Nivolumab in combination with lenvatinib in unresectable hepatocellular carcinoma: the IKF-t006/IMMUNIB translational phase-2 study
Mené sur 50 patients atteints d'un carcinome hépatocellulaire non résécable, cet essai de phase II évalue l'efficacité, du point de vue du taux de réponse objective, et la toxicité d'un traitement de première ligne combinant nivolumab et lenvatinib
Background: Combinations of anti-angiogenic agents, including lenvatinib, and PD-1/PD-L1 inhibitors have demonstrated antitumor activity with manageable toxicity in several tumor types, including hepatocellular carcinoma (HCC).
Objective: The IMMUNIB trial aimed to evaluate efficacy of nivolumab in combination with lenvatinib as first-line treatment in patients with unresectable HCC.
Design: This investigator-initiated single-arm phase-2 trial enrolled patients with advanced stage HCC for first-line therapy who were treated with lenvatinib plus nivolumab for a maximum of 18 months or until disease progression or unacceptable toxicity. The primary endpoint was objective response rate (ORR) according to RECIST v1.1. The study was powered to detect an ORR of 43% using a prespecified null hypothesis ORR of 24%Secondary endpoints included time to progression (TTP), progression free survival (PFS), overall survival (OS) and safety.

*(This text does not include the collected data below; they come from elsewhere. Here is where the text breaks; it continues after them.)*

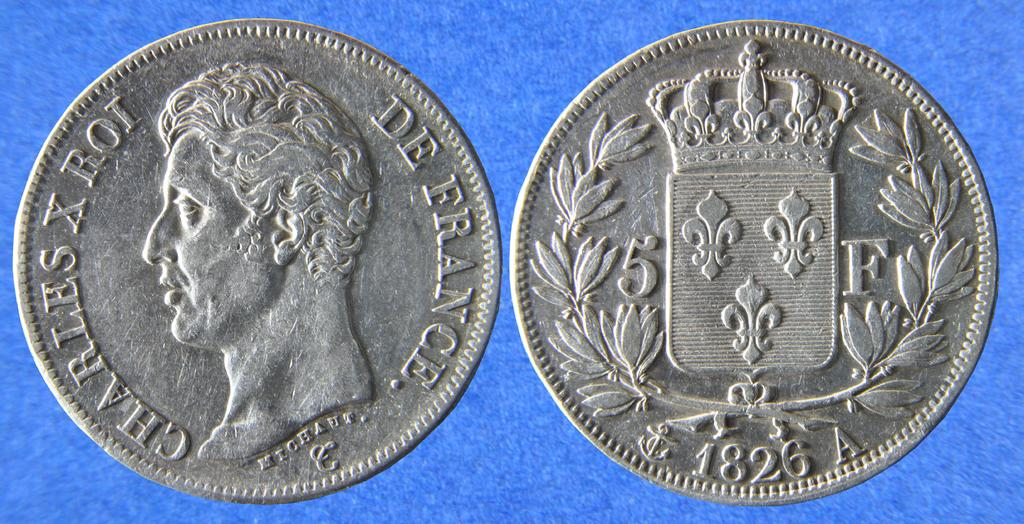<image>
Relay a brief, clear account of the picture shown. Front and back of a coin with the front saying Charles X Roi. 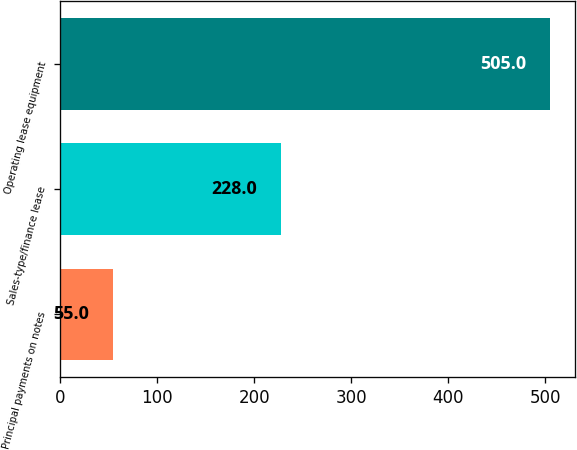<chart> <loc_0><loc_0><loc_500><loc_500><bar_chart><fcel>Principal payments on notes<fcel>Sales-type/finance lease<fcel>Operating lease equipment<nl><fcel>55<fcel>228<fcel>505<nl></chart> 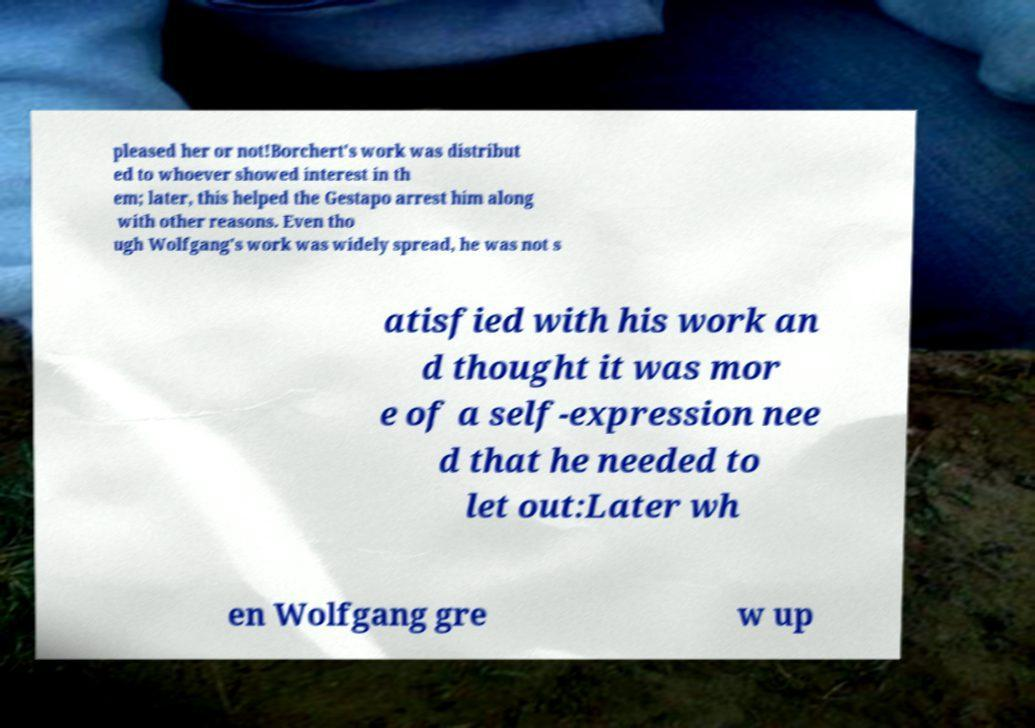Can you read and provide the text displayed in the image?This photo seems to have some interesting text. Can you extract and type it out for me? pleased her or not!Borchert's work was distribut ed to whoever showed interest in th em; later, this helped the Gestapo arrest him along with other reasons. Even tho ugh Wolfgang's work was widely spread, he was not s atisfied with his work an d thought it was mor e of a self-expression nee d that he needed to let out:Later wh en Wolfgang gre w up 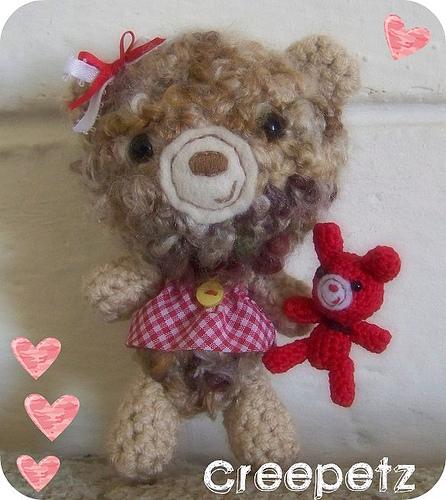Where is the heart?
Quick response, please. In corners. What is the teddy bear holding?
Short answer required. Teddy bear. What shape is the teddy bear's head?
Give a very brief answer. Round. What type of animal is this?
Quick response, please. Bear. 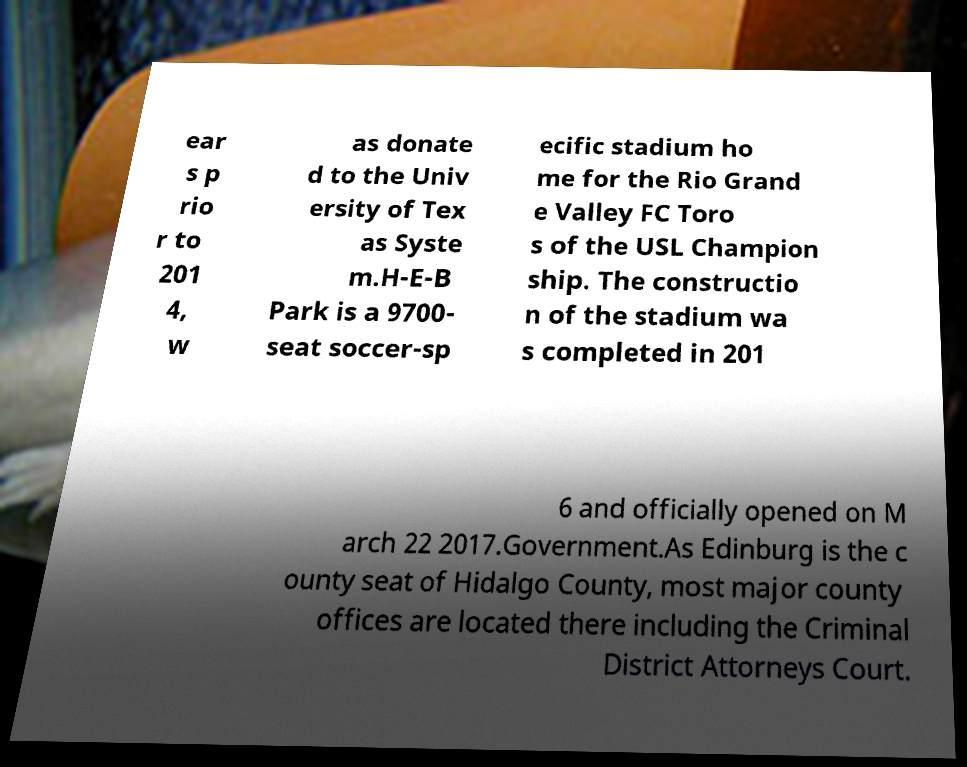Could you assist in decoding the text presented in this image and type it out clearly? ear s p rio r to 201 4, w as donate d to the Univ ersity of Tex as Syste m.H-E-B Park is a 9700- seat soccer-sp ecific stadium ho me for the Rio Grand e Valley FC Toro s of the USL Champion ship. The constructio n of the stadium wa s completed in 201 6 and officially opened on M arch 22 2017.Government.As Edinburg is the c ounty seat of Hidalgo County, most major county offices are located there including the Criminal District Attorneys Court.

Results: Out of 50 enrolled patients, 49 received at least one dose of the combination treatment (24 BCLC-B, 18 BCLC-C, 7 not evaluable). The ORR was 32% [95% CI 19.5,46.7]. Median PFS was 9.0 months, and the median OS was 26.6 months. Notably, 17 patients were still alive at the last follow-up, with 2 remaining progression-free. Recurrent (≥5%) treatment related adverse events grade ≥ 3 included colitis, diarrhea, hypertension and elevated bilirubin. Exploratory translational analysis using plasma-based epigenomic and tissue-based transcriptome profiling indicated a correlation between FGFR activation as well as immune- and inflammatory signatures and treatment benefits.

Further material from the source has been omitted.